Ninguna de las adolescentes que veía le parecía adecuada. El problema de las adolescentes es que, si son banales, casi con seguridad continuarán siéndolo y que, si son sagaces e inteligentes, igualmente pueden volverse banales en el futuro. ¿Cómo podría amar para siempre a una criatura sagaz e inteligente que en años posteriores podría mutar en alguien que ya no podría seguir amando? La sabiduría popular sugiere que debemos observar a la madre de nuestra amada para tener una idea de cómo será la que terminará viviendo en nuestra casa unas décadas más tarde… y el resultado, con frecuencia, nos mortifica. Pero incluso este método dista mucho de ser infalible. ¡Jonathan hubiera querido echar un vistazo al futuro de las candidatas a su amor, estar seguro de cómo serían más adelante!

Elena golpeó las puertas de su vida poco después de que él cumpliera sus dieciocho años, para darle clases particulares de Física, una materia que lo fascinaba y de la que sabía lo suficiente como para saber que sabía muy poco. Como el padre de Jonathan había emigrado a Tailandia para disfrutar de los masajes de allá y su madre se había incorporado a una comuna de España para expandir su mente, Jonathan vivía solo desde los diecisiete, aunque adecuadamente equipado con un pequeño apartamento, una pequeña mensualidad y, como ustedes habrán inferido, un temperamento filosófico. Jonathan nunca se había sentido a gusto con sus padres y, evidentemente, ellos tampoco se sentían a gusto con él (ni uno con el otro).

Elena era más que una mujer madura: tenía tal vez unos sesenta y cinco o setenta años. ¡Fácilmente, podía ser su abuela! De modo que cualquier idea sobre tener relaciones sexuales con ella resultaba absurda para un chico de dieciocho años. Sin embargo, durante las largas horas que pasaban estudiando juntos, él percibía que Elena era una mujer de extraordinaria dulzura. A pesar de su edad, aún tenía una figura agradable y su voz poseía un tono hipnótico que le transmitía paz interior. Incluso parecía que podía leerle la mente, porque le respondía preguntas cuando él aún no las había formulado. Con frecuencia, ella se anticipaba a su deseo no expresado de tomar un café o una cerveza de las que guardaba en el refrigerador.

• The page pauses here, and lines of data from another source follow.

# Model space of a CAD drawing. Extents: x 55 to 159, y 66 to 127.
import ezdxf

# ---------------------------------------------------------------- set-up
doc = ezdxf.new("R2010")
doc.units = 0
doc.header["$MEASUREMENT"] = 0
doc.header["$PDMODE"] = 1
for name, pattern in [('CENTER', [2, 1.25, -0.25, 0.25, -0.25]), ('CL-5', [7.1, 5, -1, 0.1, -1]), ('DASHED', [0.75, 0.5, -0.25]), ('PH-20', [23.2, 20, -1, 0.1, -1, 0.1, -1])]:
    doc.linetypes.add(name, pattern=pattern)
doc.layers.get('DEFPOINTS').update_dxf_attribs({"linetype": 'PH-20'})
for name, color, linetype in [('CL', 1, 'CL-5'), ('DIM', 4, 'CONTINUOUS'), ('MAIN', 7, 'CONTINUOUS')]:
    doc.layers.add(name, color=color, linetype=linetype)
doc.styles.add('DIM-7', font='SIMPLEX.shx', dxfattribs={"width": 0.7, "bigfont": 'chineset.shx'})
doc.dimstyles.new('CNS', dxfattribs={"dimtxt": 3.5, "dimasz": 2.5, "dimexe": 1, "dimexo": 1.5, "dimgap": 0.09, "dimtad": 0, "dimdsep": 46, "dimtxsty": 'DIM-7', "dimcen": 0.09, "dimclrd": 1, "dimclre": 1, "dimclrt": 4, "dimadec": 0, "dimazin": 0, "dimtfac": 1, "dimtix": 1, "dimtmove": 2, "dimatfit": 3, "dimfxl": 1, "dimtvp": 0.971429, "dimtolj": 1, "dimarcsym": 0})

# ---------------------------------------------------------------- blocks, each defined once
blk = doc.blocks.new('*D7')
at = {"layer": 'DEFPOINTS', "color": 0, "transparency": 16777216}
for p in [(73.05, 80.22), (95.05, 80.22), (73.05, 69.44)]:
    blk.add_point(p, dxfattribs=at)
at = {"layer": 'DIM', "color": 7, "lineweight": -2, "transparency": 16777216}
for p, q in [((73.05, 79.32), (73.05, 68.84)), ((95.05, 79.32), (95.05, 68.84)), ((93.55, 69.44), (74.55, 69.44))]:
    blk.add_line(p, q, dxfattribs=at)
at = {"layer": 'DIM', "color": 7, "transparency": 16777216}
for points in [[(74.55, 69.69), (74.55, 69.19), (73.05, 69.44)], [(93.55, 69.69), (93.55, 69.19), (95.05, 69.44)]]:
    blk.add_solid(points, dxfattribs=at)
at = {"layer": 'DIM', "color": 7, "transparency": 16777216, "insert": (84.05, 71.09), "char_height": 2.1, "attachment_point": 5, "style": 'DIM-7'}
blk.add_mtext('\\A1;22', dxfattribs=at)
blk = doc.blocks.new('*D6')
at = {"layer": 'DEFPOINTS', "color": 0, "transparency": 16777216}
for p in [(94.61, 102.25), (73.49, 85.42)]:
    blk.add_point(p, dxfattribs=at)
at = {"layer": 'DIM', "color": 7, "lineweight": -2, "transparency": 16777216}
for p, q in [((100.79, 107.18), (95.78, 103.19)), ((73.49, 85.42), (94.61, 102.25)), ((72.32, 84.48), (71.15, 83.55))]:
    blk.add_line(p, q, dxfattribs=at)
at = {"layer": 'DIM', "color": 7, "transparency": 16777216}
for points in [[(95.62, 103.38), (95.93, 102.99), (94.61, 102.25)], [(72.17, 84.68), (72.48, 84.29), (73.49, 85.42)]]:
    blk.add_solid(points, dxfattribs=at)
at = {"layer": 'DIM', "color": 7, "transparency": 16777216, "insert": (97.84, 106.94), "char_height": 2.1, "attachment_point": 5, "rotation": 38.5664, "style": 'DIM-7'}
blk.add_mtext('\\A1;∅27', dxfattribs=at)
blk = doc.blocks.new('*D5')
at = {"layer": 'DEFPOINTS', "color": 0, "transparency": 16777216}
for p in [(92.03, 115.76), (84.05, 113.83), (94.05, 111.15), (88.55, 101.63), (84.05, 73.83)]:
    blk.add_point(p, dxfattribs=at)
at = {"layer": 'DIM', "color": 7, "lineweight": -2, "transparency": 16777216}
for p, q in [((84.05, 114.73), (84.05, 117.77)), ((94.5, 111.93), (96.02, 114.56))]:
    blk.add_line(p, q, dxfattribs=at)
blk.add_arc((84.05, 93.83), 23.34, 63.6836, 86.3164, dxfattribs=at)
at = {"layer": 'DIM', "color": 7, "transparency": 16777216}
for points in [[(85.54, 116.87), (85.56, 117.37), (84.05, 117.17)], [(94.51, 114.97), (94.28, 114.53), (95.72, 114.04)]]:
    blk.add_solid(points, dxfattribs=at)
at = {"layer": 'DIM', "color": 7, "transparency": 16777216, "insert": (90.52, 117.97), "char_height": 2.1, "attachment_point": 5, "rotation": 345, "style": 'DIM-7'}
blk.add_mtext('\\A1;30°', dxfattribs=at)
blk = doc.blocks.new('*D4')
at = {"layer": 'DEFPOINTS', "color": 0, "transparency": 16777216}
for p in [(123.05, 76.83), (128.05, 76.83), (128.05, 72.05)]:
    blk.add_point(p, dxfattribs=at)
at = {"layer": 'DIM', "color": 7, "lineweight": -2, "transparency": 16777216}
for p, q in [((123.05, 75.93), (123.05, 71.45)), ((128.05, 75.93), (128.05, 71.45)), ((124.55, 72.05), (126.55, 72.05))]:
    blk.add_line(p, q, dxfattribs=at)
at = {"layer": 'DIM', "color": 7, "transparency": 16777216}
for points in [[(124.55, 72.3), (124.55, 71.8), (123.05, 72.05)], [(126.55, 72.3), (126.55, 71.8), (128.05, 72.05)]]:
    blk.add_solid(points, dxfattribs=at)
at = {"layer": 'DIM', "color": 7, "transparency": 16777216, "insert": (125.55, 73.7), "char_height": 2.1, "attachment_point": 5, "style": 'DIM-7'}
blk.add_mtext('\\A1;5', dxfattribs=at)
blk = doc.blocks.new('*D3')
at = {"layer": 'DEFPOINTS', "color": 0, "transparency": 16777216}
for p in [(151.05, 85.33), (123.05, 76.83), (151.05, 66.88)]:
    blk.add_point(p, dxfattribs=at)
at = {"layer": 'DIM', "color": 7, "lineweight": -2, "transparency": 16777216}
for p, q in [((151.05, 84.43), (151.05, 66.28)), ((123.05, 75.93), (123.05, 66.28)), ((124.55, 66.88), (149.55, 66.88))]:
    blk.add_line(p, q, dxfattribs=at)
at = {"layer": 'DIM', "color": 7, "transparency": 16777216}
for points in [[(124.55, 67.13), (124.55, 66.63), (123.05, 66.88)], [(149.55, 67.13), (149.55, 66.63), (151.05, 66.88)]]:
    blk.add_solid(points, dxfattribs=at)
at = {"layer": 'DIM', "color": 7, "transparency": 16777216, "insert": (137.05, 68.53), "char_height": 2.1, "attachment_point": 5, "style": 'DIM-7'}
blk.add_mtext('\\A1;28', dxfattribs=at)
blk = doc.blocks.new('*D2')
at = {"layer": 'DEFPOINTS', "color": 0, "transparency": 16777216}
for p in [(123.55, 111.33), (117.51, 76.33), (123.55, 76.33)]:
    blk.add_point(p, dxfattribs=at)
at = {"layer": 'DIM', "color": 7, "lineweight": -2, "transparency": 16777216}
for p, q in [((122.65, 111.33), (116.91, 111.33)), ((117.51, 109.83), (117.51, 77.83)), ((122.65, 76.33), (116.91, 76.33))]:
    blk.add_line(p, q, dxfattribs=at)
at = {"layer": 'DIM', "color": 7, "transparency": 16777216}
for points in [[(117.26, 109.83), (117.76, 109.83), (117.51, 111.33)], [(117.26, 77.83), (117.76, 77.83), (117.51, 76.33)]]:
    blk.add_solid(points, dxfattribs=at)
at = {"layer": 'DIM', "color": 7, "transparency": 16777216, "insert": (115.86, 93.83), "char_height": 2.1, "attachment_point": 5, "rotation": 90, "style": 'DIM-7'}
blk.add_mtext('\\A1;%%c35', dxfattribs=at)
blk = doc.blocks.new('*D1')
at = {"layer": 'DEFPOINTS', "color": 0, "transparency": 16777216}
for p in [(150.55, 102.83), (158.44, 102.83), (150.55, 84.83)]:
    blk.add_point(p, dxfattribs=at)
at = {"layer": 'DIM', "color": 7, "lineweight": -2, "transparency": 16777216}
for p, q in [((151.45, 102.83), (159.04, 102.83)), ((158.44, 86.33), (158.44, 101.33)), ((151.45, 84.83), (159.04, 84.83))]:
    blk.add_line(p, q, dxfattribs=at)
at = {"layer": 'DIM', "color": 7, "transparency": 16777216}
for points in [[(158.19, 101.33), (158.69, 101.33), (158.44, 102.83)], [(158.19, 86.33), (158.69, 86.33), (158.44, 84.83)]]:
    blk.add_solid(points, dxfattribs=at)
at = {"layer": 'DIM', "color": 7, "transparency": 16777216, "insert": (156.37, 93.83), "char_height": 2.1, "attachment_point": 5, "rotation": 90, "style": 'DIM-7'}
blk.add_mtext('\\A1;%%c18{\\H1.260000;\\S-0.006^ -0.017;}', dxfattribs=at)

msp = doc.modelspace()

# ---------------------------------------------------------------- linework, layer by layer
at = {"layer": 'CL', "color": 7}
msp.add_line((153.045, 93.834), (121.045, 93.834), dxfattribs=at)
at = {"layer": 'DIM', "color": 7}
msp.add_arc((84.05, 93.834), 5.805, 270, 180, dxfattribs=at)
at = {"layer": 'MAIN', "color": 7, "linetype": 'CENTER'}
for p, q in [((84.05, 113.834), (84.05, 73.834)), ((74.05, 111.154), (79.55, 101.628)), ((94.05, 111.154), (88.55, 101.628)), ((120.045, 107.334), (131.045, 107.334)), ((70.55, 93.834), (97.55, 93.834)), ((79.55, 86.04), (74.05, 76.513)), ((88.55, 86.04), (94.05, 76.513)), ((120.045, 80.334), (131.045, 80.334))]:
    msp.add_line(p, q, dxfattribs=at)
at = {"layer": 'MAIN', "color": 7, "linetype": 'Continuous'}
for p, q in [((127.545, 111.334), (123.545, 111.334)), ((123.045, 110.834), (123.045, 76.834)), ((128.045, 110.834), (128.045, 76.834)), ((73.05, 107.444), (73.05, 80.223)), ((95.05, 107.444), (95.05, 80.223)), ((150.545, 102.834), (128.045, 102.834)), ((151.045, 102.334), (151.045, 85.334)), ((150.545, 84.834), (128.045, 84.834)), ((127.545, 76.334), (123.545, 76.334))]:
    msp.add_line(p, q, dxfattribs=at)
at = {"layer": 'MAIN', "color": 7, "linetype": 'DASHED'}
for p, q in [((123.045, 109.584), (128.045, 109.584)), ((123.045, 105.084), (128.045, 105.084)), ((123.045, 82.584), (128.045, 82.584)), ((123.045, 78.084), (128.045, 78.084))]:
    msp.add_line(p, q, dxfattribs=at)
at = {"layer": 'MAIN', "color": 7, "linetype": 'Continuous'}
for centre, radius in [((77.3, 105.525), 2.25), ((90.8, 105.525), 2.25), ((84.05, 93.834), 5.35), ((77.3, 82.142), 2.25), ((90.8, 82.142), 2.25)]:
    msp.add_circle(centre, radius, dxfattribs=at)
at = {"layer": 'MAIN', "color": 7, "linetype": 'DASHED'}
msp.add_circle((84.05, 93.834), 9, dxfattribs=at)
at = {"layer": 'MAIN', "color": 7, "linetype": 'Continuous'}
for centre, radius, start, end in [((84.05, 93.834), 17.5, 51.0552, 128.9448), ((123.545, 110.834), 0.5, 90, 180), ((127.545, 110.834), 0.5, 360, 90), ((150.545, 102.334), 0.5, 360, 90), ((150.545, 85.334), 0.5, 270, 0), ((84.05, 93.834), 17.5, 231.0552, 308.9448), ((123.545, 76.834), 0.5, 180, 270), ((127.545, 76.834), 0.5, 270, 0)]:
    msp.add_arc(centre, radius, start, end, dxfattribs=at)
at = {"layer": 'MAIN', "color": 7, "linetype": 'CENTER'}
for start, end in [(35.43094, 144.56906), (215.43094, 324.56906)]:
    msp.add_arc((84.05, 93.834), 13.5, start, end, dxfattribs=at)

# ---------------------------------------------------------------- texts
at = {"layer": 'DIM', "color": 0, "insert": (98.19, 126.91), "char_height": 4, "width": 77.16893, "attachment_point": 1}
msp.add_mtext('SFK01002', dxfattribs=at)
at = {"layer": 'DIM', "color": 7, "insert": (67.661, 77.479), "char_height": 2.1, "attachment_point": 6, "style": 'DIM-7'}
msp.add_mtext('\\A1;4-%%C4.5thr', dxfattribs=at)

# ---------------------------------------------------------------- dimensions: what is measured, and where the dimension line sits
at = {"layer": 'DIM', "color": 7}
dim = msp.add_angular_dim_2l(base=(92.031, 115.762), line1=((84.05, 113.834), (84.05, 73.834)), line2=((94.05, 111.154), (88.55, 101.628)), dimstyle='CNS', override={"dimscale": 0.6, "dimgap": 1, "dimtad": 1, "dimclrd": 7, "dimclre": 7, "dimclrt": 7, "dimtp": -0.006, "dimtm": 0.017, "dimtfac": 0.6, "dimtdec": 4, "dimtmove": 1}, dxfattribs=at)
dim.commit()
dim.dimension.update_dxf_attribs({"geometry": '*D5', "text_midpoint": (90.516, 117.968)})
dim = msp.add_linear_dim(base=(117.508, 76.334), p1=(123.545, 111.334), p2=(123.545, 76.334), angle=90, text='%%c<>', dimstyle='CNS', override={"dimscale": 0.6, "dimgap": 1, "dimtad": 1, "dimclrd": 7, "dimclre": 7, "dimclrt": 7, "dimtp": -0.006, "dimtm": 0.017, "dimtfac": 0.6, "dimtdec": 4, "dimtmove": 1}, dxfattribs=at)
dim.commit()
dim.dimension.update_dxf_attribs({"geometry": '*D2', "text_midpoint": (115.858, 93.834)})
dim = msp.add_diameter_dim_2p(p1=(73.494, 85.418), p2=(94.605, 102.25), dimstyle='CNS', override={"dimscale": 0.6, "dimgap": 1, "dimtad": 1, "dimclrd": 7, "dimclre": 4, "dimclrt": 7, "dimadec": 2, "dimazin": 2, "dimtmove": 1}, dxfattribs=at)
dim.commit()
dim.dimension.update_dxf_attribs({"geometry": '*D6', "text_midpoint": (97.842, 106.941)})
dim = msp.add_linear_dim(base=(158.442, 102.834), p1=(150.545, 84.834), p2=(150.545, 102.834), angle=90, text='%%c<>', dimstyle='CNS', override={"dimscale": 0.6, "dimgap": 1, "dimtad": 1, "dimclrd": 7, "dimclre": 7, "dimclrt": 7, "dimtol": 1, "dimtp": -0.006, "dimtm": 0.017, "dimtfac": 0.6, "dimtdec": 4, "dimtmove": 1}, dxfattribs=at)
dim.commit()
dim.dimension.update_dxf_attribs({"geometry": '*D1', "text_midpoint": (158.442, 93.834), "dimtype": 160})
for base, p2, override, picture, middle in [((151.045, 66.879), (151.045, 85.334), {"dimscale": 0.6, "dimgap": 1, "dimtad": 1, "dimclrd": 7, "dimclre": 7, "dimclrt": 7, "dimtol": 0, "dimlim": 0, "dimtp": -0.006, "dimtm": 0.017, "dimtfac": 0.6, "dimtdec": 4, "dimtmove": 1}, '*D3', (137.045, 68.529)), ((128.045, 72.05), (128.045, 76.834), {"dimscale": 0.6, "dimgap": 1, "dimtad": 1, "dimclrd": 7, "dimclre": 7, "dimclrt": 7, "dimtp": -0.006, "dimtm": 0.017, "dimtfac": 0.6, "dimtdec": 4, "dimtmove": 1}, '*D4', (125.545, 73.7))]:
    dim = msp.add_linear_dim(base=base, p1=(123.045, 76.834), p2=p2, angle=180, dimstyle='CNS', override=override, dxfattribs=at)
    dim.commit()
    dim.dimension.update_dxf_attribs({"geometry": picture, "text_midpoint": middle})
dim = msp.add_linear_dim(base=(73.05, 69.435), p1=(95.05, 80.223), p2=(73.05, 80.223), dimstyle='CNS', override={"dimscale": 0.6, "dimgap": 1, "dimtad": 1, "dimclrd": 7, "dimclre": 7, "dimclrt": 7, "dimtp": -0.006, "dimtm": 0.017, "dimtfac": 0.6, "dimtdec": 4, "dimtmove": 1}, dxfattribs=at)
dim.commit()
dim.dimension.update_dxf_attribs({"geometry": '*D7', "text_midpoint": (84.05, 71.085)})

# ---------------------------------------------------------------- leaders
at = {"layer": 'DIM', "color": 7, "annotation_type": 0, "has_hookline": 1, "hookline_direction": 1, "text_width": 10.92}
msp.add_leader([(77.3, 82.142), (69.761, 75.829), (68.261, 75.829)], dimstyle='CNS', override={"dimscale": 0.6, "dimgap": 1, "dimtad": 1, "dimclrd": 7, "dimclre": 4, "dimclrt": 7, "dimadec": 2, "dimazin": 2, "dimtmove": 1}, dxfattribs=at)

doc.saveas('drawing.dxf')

—¿Cuál es la probabilidad de que sea hora de tomar un café? —podía decir ella—. Digamos que T es el Tiempo. Digamos que C es el Café y también Celeritas, la velocidad de la luz…

En un grado sorprendente, parecían estar sintonizados en la misma longitud de onda en todo lo relacionado a los cómo y los por qué del universo. Aunque estaba claro que Elena no podía ser la mujer de su vida, Jonathan cayó en la cuenta de que sabría reconocer a la mujer de su vida si podía imaginársela parecida a Elena cuando fuera una anciana.

 

***

 

Un día, Jonathan le preguntó a Elena si era casada, porque hasta entonces ella nunca había tocado el tema.

—En cierto modo —respondió ella.

—¿Quieres decir que no crees en el matrimonio formal?

—No es por eso que nunca me casé formalmente.

—¿Entonces por qué, si puedo preguntar?

—Es una larga historia.

—Y no quieres contármela.

Elena lanzó un suspiro agridulce.

—En otro momento. Probablemente, antes de que la muerte me bese.

—¿Eh?

—Oh, es algo que leí… olvídalo.

Y él lo olvidó. Debía concentrarse en cosas mucho más importantes.

—Nunca me he enamorado —dijo él.

—Ya llegará el momento, Jonathan. No hay prisa. —La sonrisa de Elena parecía maternal.

—Debe ser tan bello estar enamorado… —Brevemente, Jonathan se perdió en un vacío que consistía en la ausencia de tales recuerdos.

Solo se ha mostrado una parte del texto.